Стрелец кивнул, бесцеремонно ухватил за рукав ненца и потащил его из избы. Дьяк опять бросил в рот ягоды и, погодя, сказал вдогонку:
— Нехристи! Ясак не платят, а свадьбы играют. — Он словно бы только теперь увидел Бармина. — А тебе чего? Кто таков?
— Из Холмогор я. Пришел промышлять зверя малой артелью, — пояснил Аверьян и положил на стол перед дьяком три копейки серебром. Дьяк потянулся за морошкой, на обратном пути провел локтем по столу — и монет как не бывало. Аверьян еле сдержал улыбку, подумав: «Ну и ловкач! Как это он?»
— Говори дело. Мне некогда, — отозвался дьяк, причмокивая. Борода дрожала над раскрытой книгой с какими-то записями.

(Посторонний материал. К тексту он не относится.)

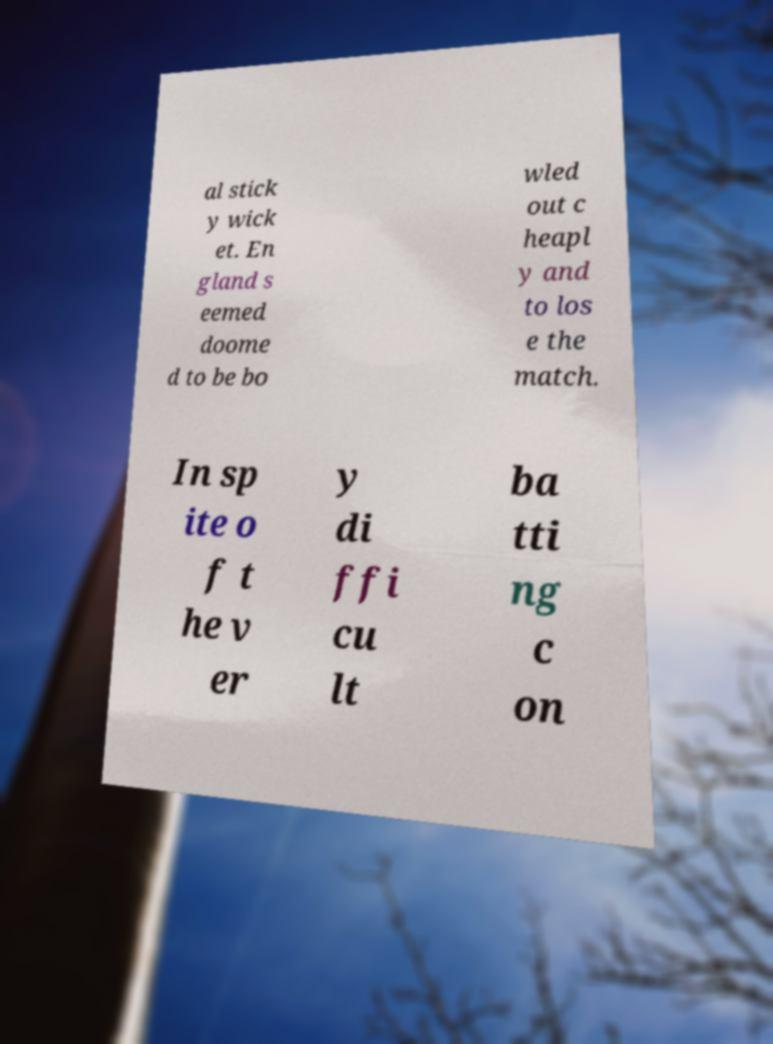Can you read and provide the text displayed in the image?This photo seems to have some interesting text. Can you extract and type it out for me? al stick y wick et. En gland s eemed doome d to be bo wled out c heapl y and to los e the match. In sp ite o f t he v er y di ffi cu lt ba tti ng c on 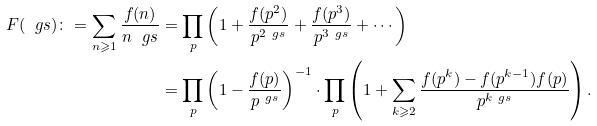Convert formula to latex. <formula><loc_0><loc_0><loc_500><loc_500>F ( \ g s ) \colon = \sum _ { n \geqslant 1 } \frac { f ( n ) } { n ^ { \ } g s } & = \prod _ { p } \left ( 1 + \frac { f ( p ^ { 2 } ) } { p ^ { 2 \ g s } } + \frac { f ( p ^ { 3 } ) } { p ^ { 3 \ g s } } + \cdots \right ) \\ & = \prod _ { p } \left ( 1 - \frac { f ( p ) } { p ^ { \ g s } } \right ) ^ { - 1 } \cdot \prod _ { p } \left ( 1 + \sum _ { k \geqslant 2 } \frac { f ( p ^ { k } ) - f ( p ^ { k - 1 } ) f ( p ) } { p ^ { k \ g s } } \right ) .</formula> 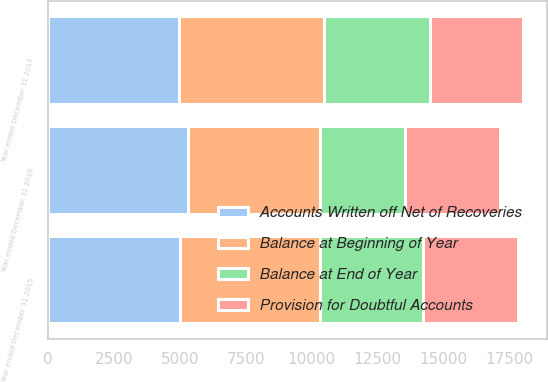Convert chart to OTSL. <chart><loc_0><loc_0><loc_500><loc_500><stacked_bar_chart><ecel><fcel>Year ended December 31 2015<fcel>Year ended December 31 2016<fcel>Year ended December 31 2017<nl><fcel>Accounts Written off Net of Recoveries<fcel>5011<fcel>5326<fcel>4988<nl><fcel>Balance at End of Year<fcel>3913<fcel>3257<fcel>4039<nl><fcel>Provision for Doubtful Accounts<fcel>3598<fcel>3595<fcel>3539<nl><fcel>Balance at Beginning of Year<fcel>5326<fcel>4988<fcel>5488<nl></chart> 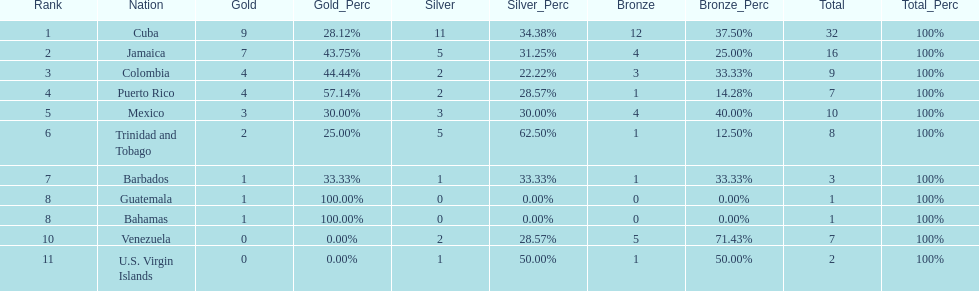Parse the table in full. {'header': ['Rank', 'Nation', 'Gold', 'Gold_Perc', 'Silver', 'Silver_Perc', 'Bronze', 'Bronze_Perc', 'Total', 'Total_Perc'], 'rows': [['1', 'Cuba', '9', '28.12%', '11', '34.38%', '12', '37.50%', '32', '100%'], ['2', 'Jamaica', '7', '43.75%', '5', '31.25%', '4', '25.00%', '16', '100%'], ['3', 'Colombia', '4', '44.44%', '2', '22.22%', '3', '33.33%', '9', '100%'], ['4', 'Puerto Rico', '4', '57.14%', '2', '28.57%', '1', '14.28%', '7', '100%'], ['5', 'Mexico', '3', '30.00%', '3', '30.00%', '4', '40.00%', '10', '100%'], ['6', 'Trinidad and Tobago', '2', '25.00%', '5', '62.50%', '1', '12.50%', '8', '100%'], ['7', 'Barbados', '1', '33.33%', '1', '33.33%', '1', '33.33%', '3', '100%'], ['8', 'Guatemala', '1', '100.00%', '0', '0.00%', '0', '0.00%', '1', '100%'], ['8', 'Bahamas', '1', '100.00%', '0', '0.00%', '0', '0.00%', '1', '100%'], ['10', 'Venezuela', '0', '0.00%', '2', '28.57%', '5', '71.43%', '7', '100%'], ['11', 'U.S. Virgin Islands', '0', '0.00%', '1', '50.00%', '1', '50.00%', '2', '100%']]} What is the difference in medals between cuba and mexico? 22.

Аверьян объяснил. Дьяк назвал два имени.
— Сперва справься о Семене Ледащем, пинежанине. Он тут поселился еще до острога. Женат на самоедке, и дети у него пошли — один глаз туды, другой сюды. Один на Поморье глядит, другой в лес. А живет он… — дьяк не досказал, опять потянулся за морошкой. Аверьян не утерпел, спросил:
— С похмелья, что ли?
— Какое с похмелья! Для здоровья ем. Поживи тут с год — все зубы выпадут. Морошкой только и спасаюсь, да кедровника отваром… Дак вот, живет он, Ледащий, на посаде. От постройки медника Матвея третья изба к реке. И еще… — Дьяк помедлил. — Ежели Семена дома не окажется — может, ушел в лес али на реку, — спроси Прошку Шеина. Этот из Пустозерска. Он те все расскажет.
— А изба? — спросил Аверьян.
— А изба — третья от медника по сю сторону, от реки, значит… А сам я те посоветую зверя промышлять вверх по Тазу-реке!